All of the analyses were performed using the R statistical software (version 3.3.1, 64-bit, Foundation for Statistical Computing, Vienna, Austria). The “mvmeta” and “dlnm” package in R software was used in this study.

3. Results

Fig. 1 presents PM2.5 concentrations during the study period (2013–2015). The blue points show centroids of the 104 counties used in the first stage of analysis. The 104 counties cover all seven geographic regions in China (Eastern, Northern, Central, Southern, Southwestern, Northwestern, and Northeastern) and 31 provinces (except Hong Kong, Macao, and Taiwan). The highest PM2.5 concentrations were observed in the Beijing-Tianjin-Hebei region, with annual mean concentrations above 100 μg/m3. Table S2 shows the descriptive statistics for mortality, PM2.5, and meteorological data for the 104 counties.
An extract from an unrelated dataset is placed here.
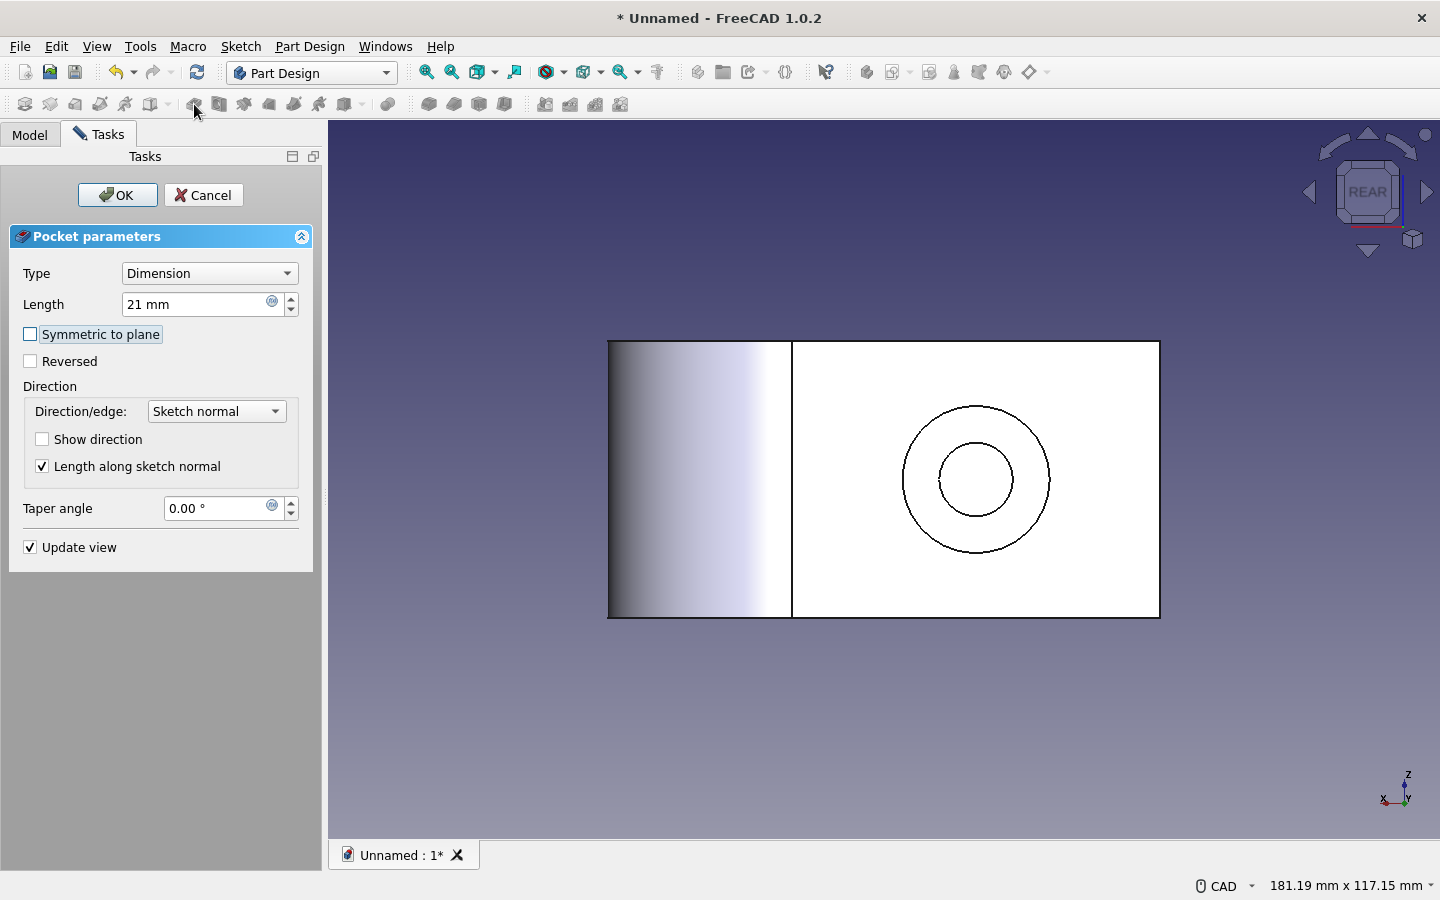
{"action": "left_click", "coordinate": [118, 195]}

The dataset included 1,069,911 deaths. Approximately 9 all-cause deaths per day on average occurred during the study period, with the highest number of daily average, 28 deaths per day, recorded in Yongqiao County in Anhui Province. The overall mean daily concentrations of PM2.5 were 61.6 μg/m3 in these 104 counties. The highest county-specific daily mean concentration of PM2.5 is 106.7 μg/m3, which was recorded in Xingtai County in Hebei Province. The lowest county-specific daily mean concentration of PM2.5 was 23.2 μg/m3, which was recorded in Meilan County in Hainan Province.
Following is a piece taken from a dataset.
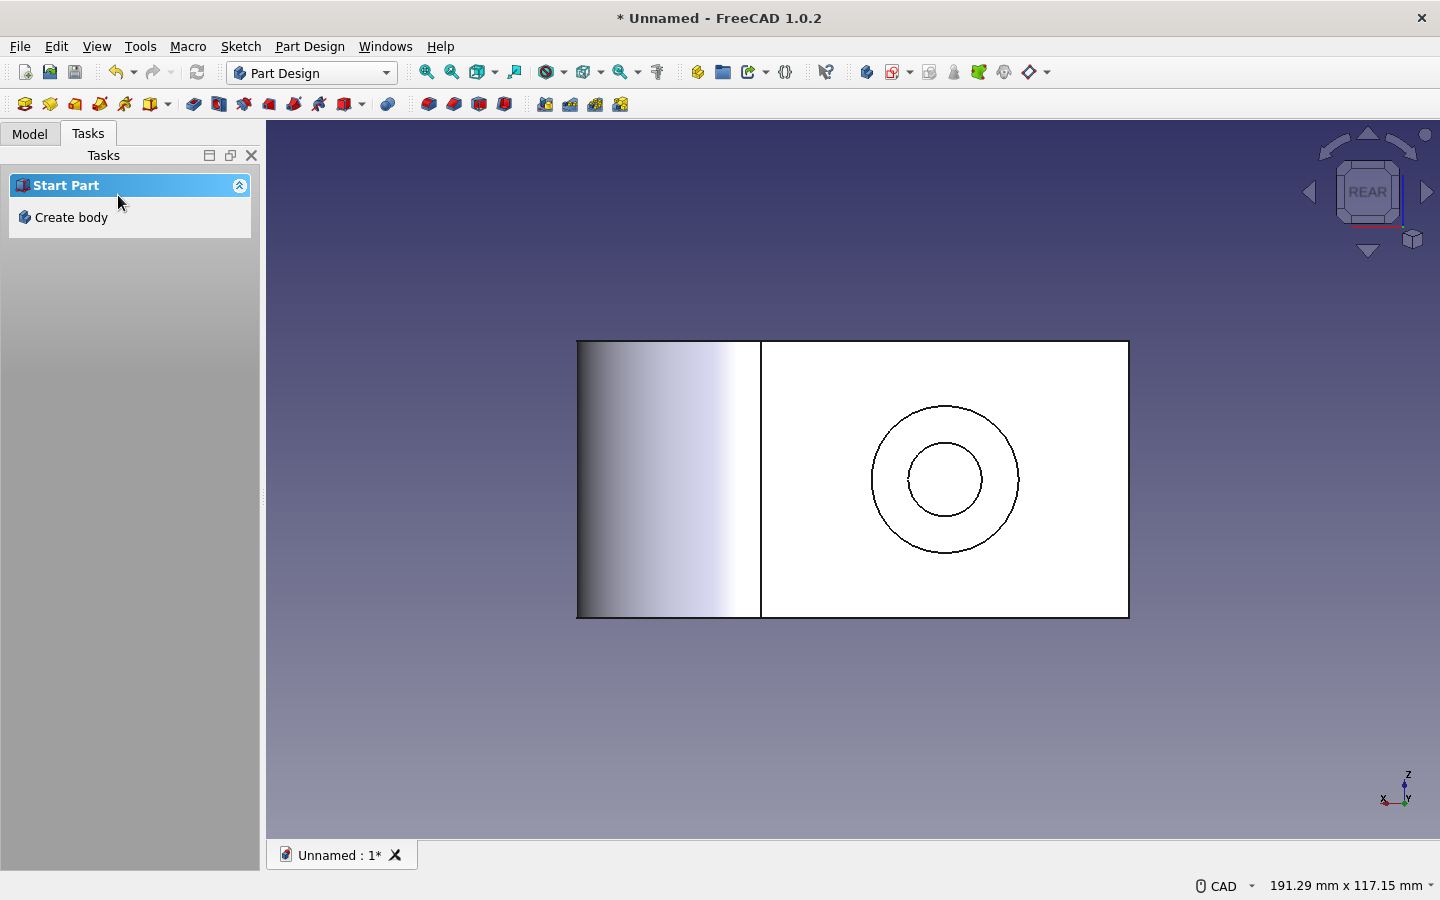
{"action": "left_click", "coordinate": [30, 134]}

The association between daily PM2.5 concentration and relative risk of total mortality from model 1 is shown in Fig. 2. The association was non-linear, with approximately linear increasing mortality risk from 0 to 62 μg/m3. From 62 to 250 μg/m3, the risk decreases gradually. The RRs are 1.026 (95% CI: 1.014–1.038) and 1.031 (95% CI: 1.021–1.042) for PM2.5 concentration of 35 μg/m3 and 75 μg/m3 versus 0 μg/m3, respectively. The I2 of model 1 is 22%, which accounts for the minimum heterogeneity among all the models. The I2 statistics of all models is shown in Table S3, and model 2 (linear effect model) showed the most heterogeneity. The associations between PM2.5 and mortality estimated by model 2, model 3, and model 4 are shown in Figs. S3, S4, and S5, respectively.

Fig. 2.

Fig. 2.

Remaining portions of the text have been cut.